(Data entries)
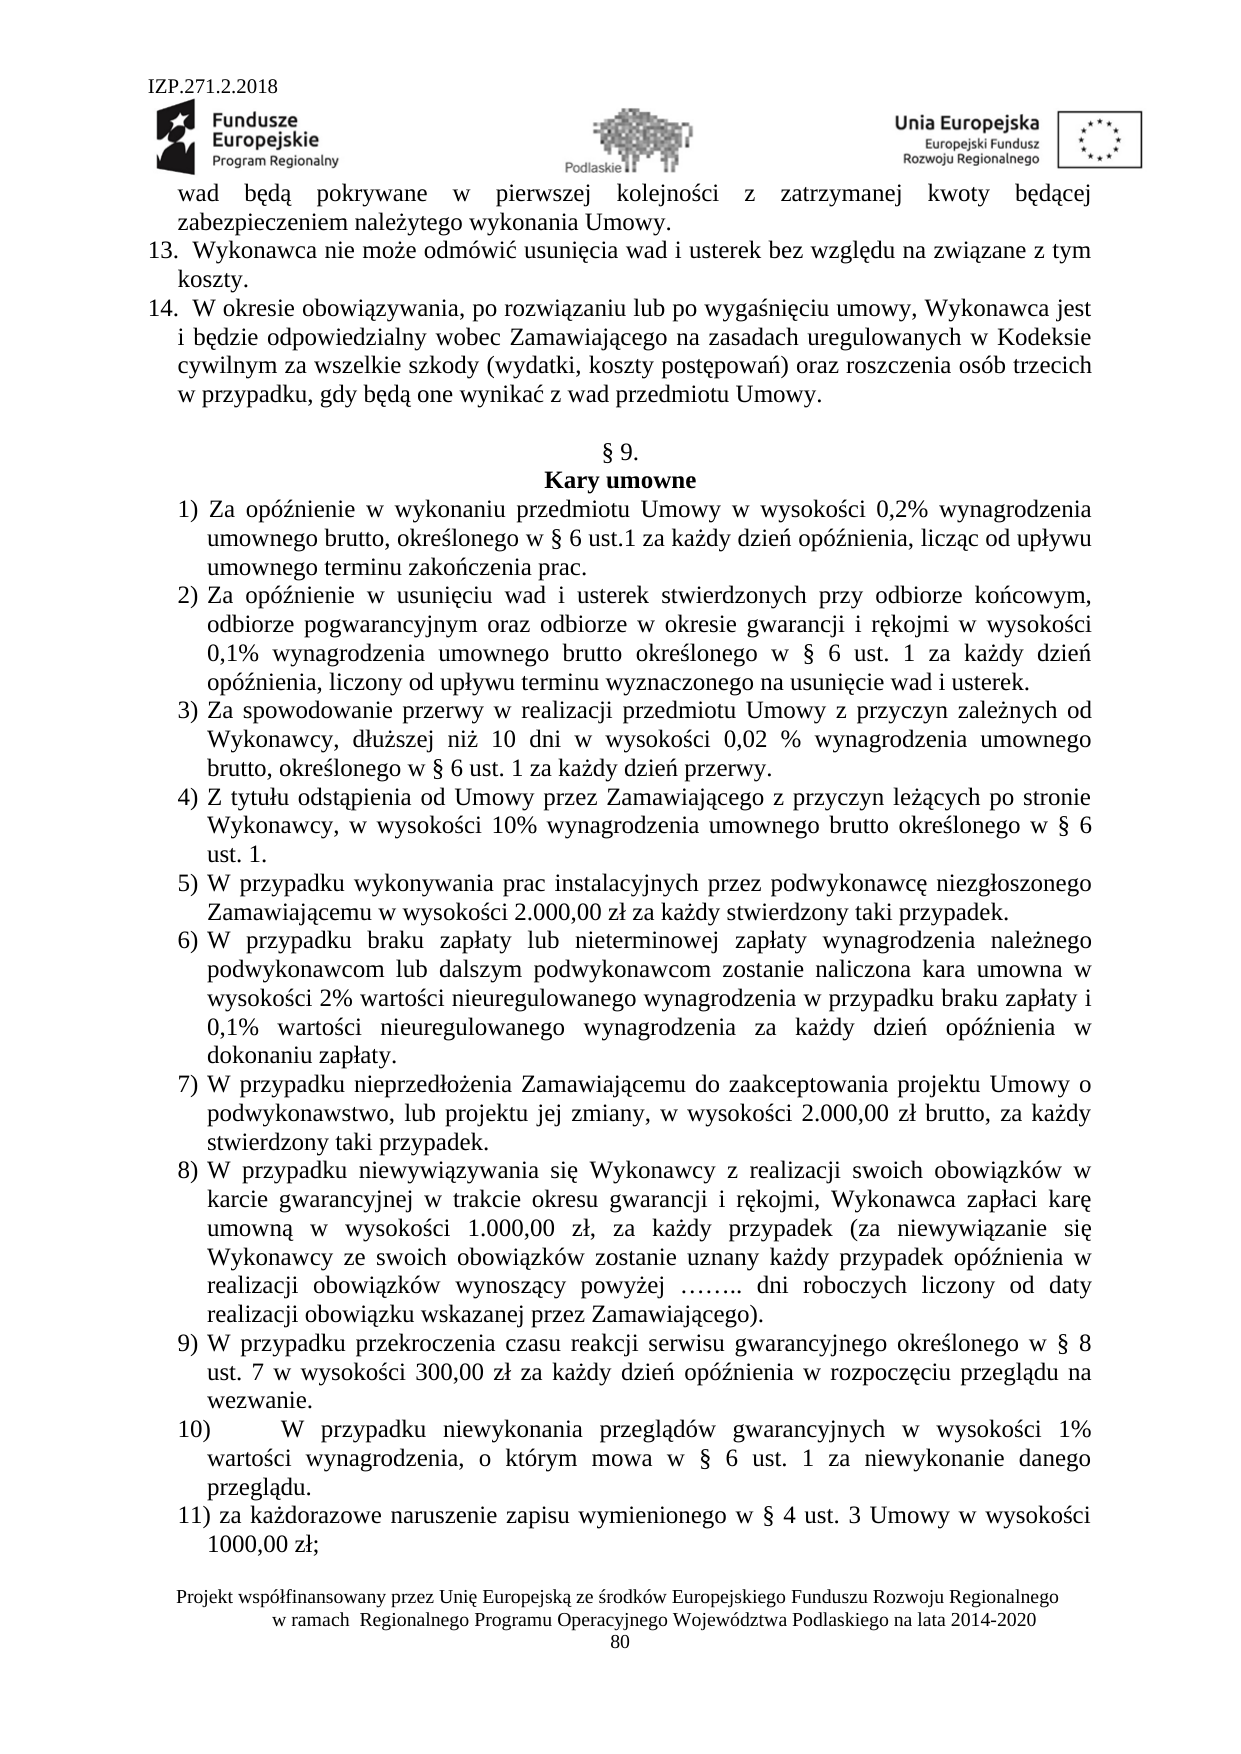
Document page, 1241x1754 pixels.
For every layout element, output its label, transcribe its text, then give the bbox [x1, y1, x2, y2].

text 10) W przypadku niewykonania przeglądów gwarancyjnych w wysokości 1% wartości wynagrodzenia, o którym mowa w § 6 ust. 1 za niewykonanie danego przeglądu. [177, 1414, 1092, 1500]
text Kary umowne [148, 465, 1092, 494]
text 11) za każdorazowe naruszenie zapisu wymienionego w § 4 ust. 3 Umowy w wysokości 1000,00 zł; [177, 1500, 1092, 1558]
text 8) W przypadku niewywiązywania się Wykonawcy z realizacji swoich obowiązków w karcie gwarancyjnej w trakcie okresu gwarancji i rękojmi, Wykonawca zapłaci karę umowną w wysokości 1.000,00 zł, za każdy przypadek (za niewywiązanie się Wykonawcy ze swoich obowiązków zostanie uznany każdy przypadek opóźnienia w realizacji obowiązków wynoszący powyżej …….. dni roboczych liczony od daty realizacji obowiązku wskazanej przez Zamawiającego). [177, 1155, 1092, 1328]
text 14. W okresie obowiązywania, po rozwiązaniu lub po wygaśnięciu umowy, Wykonawca jest i będzie odpowiedzialny wobec Zamawiającego na zasadach uregulowanych w Kodeksie cywilnym za wszelkie szkody (wydatki, koszty postępowań) oraz roszczenia osób trzecich w przypadku, gdy będą one wynikać z wad przedmiotu Umowy. [148, 293, 1092, 408]
text 5) W przypadku wykonywania prac instalacyjnych przez podwykonawcę niezgłoszonego Zamawiającemu w wysokości 2.000,00 zł za każdy stwierdzony taki przypadek. [177, 868, 1092, 925]
text 6) W przypadku braku zapłaty lub nieterminowej zapłaty wynagrodzenia należnego podwykonawcom lub dalszym podwykonawcom zostanie naliczona kara umowna w wysokości 2% wartości nieuregulowanego wynagrodzenia w przypadku braku zapłaty i 0,1% wartości nieuregulowanego wynagrodzenia za każdy dzień opóźnienia w dokonaniu zapłaty. [177, 925, 1092, 1069]
text 2) Za opóźnienie w usunięciu wad i usterek stwierdzonych przy odbiorze końcowym, odbiorze pogwarancyjnym oraz odbiorze w okresie gwarancji i rękojmi w wysokości 0,1% wynagrodzenia umownego brutto określonego w § 6 ust. 1 za każdy dzień opóźnienia, liczony od upływu terminu wyznaczonego na usunięcie wad i usterek. [177, 580, 1092, 695]
text 13. Wykonawca nie może odmówić usunięcia wad i usterek bez względu na związane z tym koszty. [148, 235, 1092, 293]
text 7) W przypadku nieprzedłożenia Zamawiającemu do zaakceptowania projektu Umowy o podwykonawstwo, lub projektu jej zmiany, w wysokości 2.000,00 zł brutto, za każdy stwierdzony taki przypadek. [177, 1069, 1092, 1155]
text wad będą pokrywane w pierwszej kolejności z zatrzymanej kwoty będącej zabezpieczeniem należytego wykonania Umowy. [148, 178, 1092, 235]
text 9) W przypadku przekroczenia czasu reakcji serwisu gwarancyjnego określonego w § 8 ust. 7 w wysokości 300,00 zł za każdy dzień opóźnienia w rozpoczęciu przeglądu na wezwanie. [177, 1328, 1092, 1414]
text § 9. [148, 437, 1092, 465]
text 3) Za spowodowanie przerwy w realizacji przedmiotu Umowy z przyczyn zależnych od Wykonawcy, dłuższej niż 10 dni w wysokości 0,02 % wynagrodzenia umownego brutto, określonego w § 6 ust. 1 za każdy dzień przerwy. [177, 695, 1092, 782]
text 4) Z tytułu odstąpienia od Umowy przez Zamawiającego z przyczyn leżących po stronie Wykonawcy, w wysokości 10% wynagrodzenia umownego brutto określonego w § 6 ust. 1. [177, 782, 1092, 868]
text 1) Za opóźnienie w wykonaniu przedmiotu Umowy w wysokości 0,2% wynagrodzenia umownego brutto, określonego w § 6 ust.1 za każdy dzień opóźnienia, licząc od upływu umownego terminu zakończenia prac. [177, 494, 1092, 580]
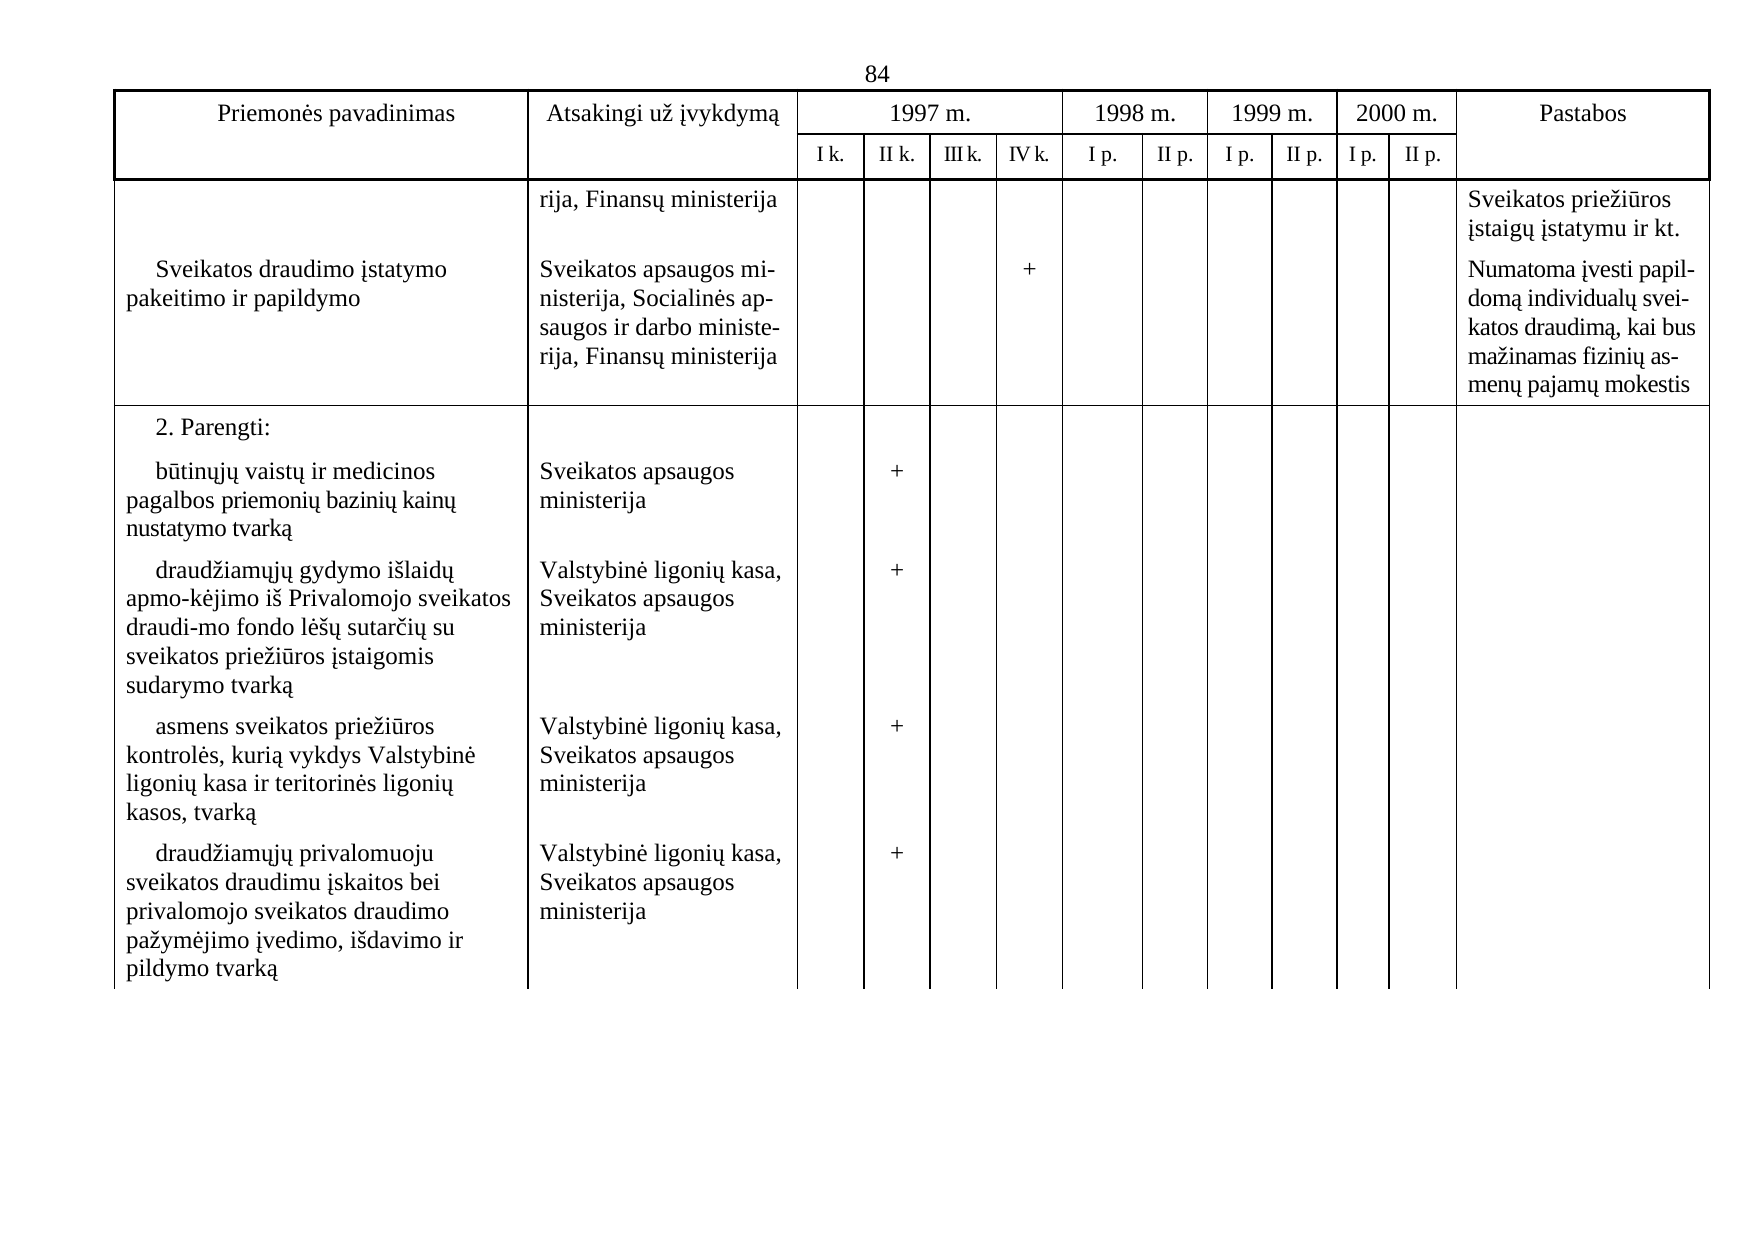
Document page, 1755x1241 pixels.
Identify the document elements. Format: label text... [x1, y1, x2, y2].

table_cell [529, 133, 797, 178]
table_cell [931, 450, 996, 548]
table_cell [1338, 832, 1388, 988]
table_cell [116, 133, 527, 178]
table_cell [1208, 406, 1271, 450]
table_cell I k. [798, 135, 863, 178]
table_cell Sveikatos draudimo įstatymo pakeitimo ir papildymo [115, 248, 527, 404]
table_cell [931, 406, 996, 450]
table_cell [1273, 832, 1336, 988]
table_cell [1273, 181, 1336, 248]
table_cell [798, 549, 863, 705]
table_cell [1143, 248, 1207, 404]
table_cell asmens sveikatos priežiūros kontrolės, kurią vykdys Valstybinė ligonių kasa ir teritorinės ligonių kasos, tvarką [115, 705, 527, 832]
table_cell Valstybinė ligonių kasa, Sveikatos apsaugos ministerija [529, 705, 797, 832]
table_cell [1063, 181, 1142, 248]
table_cell [115, 181, 527, 248]
table_header 1998 m. [1063, 92, 1207, 133]
table_cell Sveikatos apsaugos mi-nisterija, Socialinės ap-saugos ir darbo ministe-rija, Finansų ministerija [529, 248, 797, 404]
table_header 1997 m. [798, 92, 1062, 133]
table_cell [1063, 248, 1142, 404]
table_header Atsakingi už įvykdymą [529, 92, 797, 133]
table_header Pastabos [1457, 92, 1708, 133]
table_cell [1063, 406, 1142, 450]
table_cell [798, 705, 863, 832]
table_cell [997, 705, 1062, 832]
table_cell II p. [1273, 135, 1336, 178]
table_cell [931, 705, 996, 832]
table_cell [1457, 705, 1709, 832]
table_cell draudžiamųjų gydymo išlaidų apmo-kėjimo iš Privalomojo sveikatos draudi-mo fondo lėšų sutarčių su sveikatos priežiūros įstaigomis sudarymo tvarką [115, 549, 527, 705]
table_cell [1063, 450, 1142, 548]
table_cell draudžiamųjų privalomuoju sveikatos draudimu įskaitos bei privalomojo sveikatos draudimo pažymėjimo įvedimo, išdavimo ir pildymo tvarką [115, 832, 527, 988]
table_cell [1273, 705, 1336, 832]
table_cell IV k. [997, 135, 1062, 178]
table_cell [1063, 705, 1142, 832]
table_cell [1143, 705, 1207, 832]
table_cell [1063, 832, 1142, 988]
table_cell [1457, 133, 1708, 178]
table_cell Valstybinė ligonių kasa, Sveikatos apsaugos ministerija [529, 832, 797, 988]
table_header Priemonės pavadinimas [116, 92, 527, 133]
table_cell [1338, 705, 1388, 832]
table_cell [1457, 832, 1709, 988]
table_cell [865, 248, 929, 404]
table_cell [997, 832, 1062, 988]
table_cell rija, Finansų ministerija [529, 181, 797, 248]
table_cell [997, 450, 1062, 548]
table_cell [529, 406, 797, 450]
table_cell Sveikatos apsaugos ministerija [529, 450, 797, 548]
table_cell [865, 181, 929, 248]
table_cell Sveikatos priežiūros įstaigų įstatymu ir kt. [1457, 181, 1709, 248]
table_cell [1338, 549, 1388, 705]
table_cell [931, 549, 996, 705]
table_cell Numatoma įvesti papil-domą individualų svei-katos draudimą, kai bus mažinamas fizinių as-menų pajamų mokestis [1457, 248, 1709, 404]
table_cell būtinųjų vaistų ir medicinos pagalbos priemonių bazinių kainų nustatymo tvarką [115, 450, 527, 548]
table_cell + [997, 248, 1062, 404]
table_cell I p. [1063, 135, 1142, 178]
table_cell [931, 832, 996, 988]
table_cell [1143, 406, 1207, 450]
table_cell [1338, 181, 1388, 248]
table_cell II k. [865, 135, 929, 178]
table_cell [798, 181, 863, 248]
table_cell [997, 406, 1062, 450]
table_cell [798, 832, 863, 988]
table_cell [1273, 450, 1336, 548]
table_cell [1208, 705, 1271, 832]
table_cell [1143, 549, 1207, 705]
table_cell III k. [931, 135, 996, 178]
table_cell + [865, 705, 929, 832]
table_cell [1273, 406, 1336, 450]
table_cell [1390, 248, 1456, 404]
table_cell [1390, 705, 1456, 832]
table_cell 2. Parengti: [115, 406, 527, 450]
table_cell [1208, 248, 1271, 404]
table_cell [1273, 549, 1336, 705]
table_cell [798, 450, 863, 548]
table_cell [1457, 406, 1709, 450]
table_cell [1390, 549, 1456, 705]
table_cell [997, 181, 1062, 248]
table_cell [1390, 832, 1456, 988]
table_cell + [865, 450, 929, 548]
table_cell [931, 248, 996, 404]
table_cell [1457, 549, 1709, 705]
table_cell Valstybinė ligonių kasa, Sveikatos apsaugos ministerija [529, 549, 797, 705]
table_cell [865, 406, 929, 450]
table_cell [1143, 181, 1207, 248]
table_cell [1208, 832, 1271, 988]
table_cell [1208, 549, 1271, 705]
table_cell [1390, 181, 1456, 248]
table_cell [997, 549, 1062, 705]
table_header 2000 m. [1338, 92, 1456, 133]
table_cell [1143, 832, 1207, 988]
table_cell [1208, 181, 1271, 248]
table_cell [798, 248, 863, 404]
table_cell [1338, 248, 1388, 404]
table_header 1999 m. [1208, 92, 1336, 133]
table_cell [1143, 450, 1207, 548]
table_cell [1390, 406, 1456, 450]
table_cell [931, 181, 996, 248]
table_cell [1208, 450, 1271, 548]
table_cell [1390, 450, 1456, 548]
table_cell [1338, 450, 1388, 548]
table_cell II p. [1390, 135, 1456, 178]
table_cell I p. [1208, 135, 1271, 178]
table_cell [1273, 248, 1336, 404]
table_cell II p. [1143, 135, 1207, 178]
table_cell [1338, 406, 1388, 450]
table_cell + [865, 549, 929, 705]
table_cell I p. [1338, 135, 1388, 178]
table_cell [798, 406, 863, 450]
table_cell + [865, 832, 929, 988]
table_cell [1063, 549, 1142, 705]
table_cell [1457, 450, 1709, 548]

→ **Activity**
Filter the entries down to the lines containing "będą". Copy each of those lines.

→ **Exercise solution**
text 14. W okresie obowiązywania, po rozwiązaniu lub po wygaśnięciu umowy, Wykonawca jest i będzie odpowiedzialny wobec Zamawiającego na zasadach uregulowanych w Kodeksie cywilnym za wszelkie szkody (wydatki, koszty postępowań) oraz roszczenia osób trzecich w przypadku, gdy będą one wynikać z wad przedmiotu Umowy. [148, 293, 1092, 408]
text wad będą pokrywane w pierwszej kolejności z zatrzymanej kwoty będącej zabezpieczeniem należytego wykonania Umowy. [148, 178, 1092, 235]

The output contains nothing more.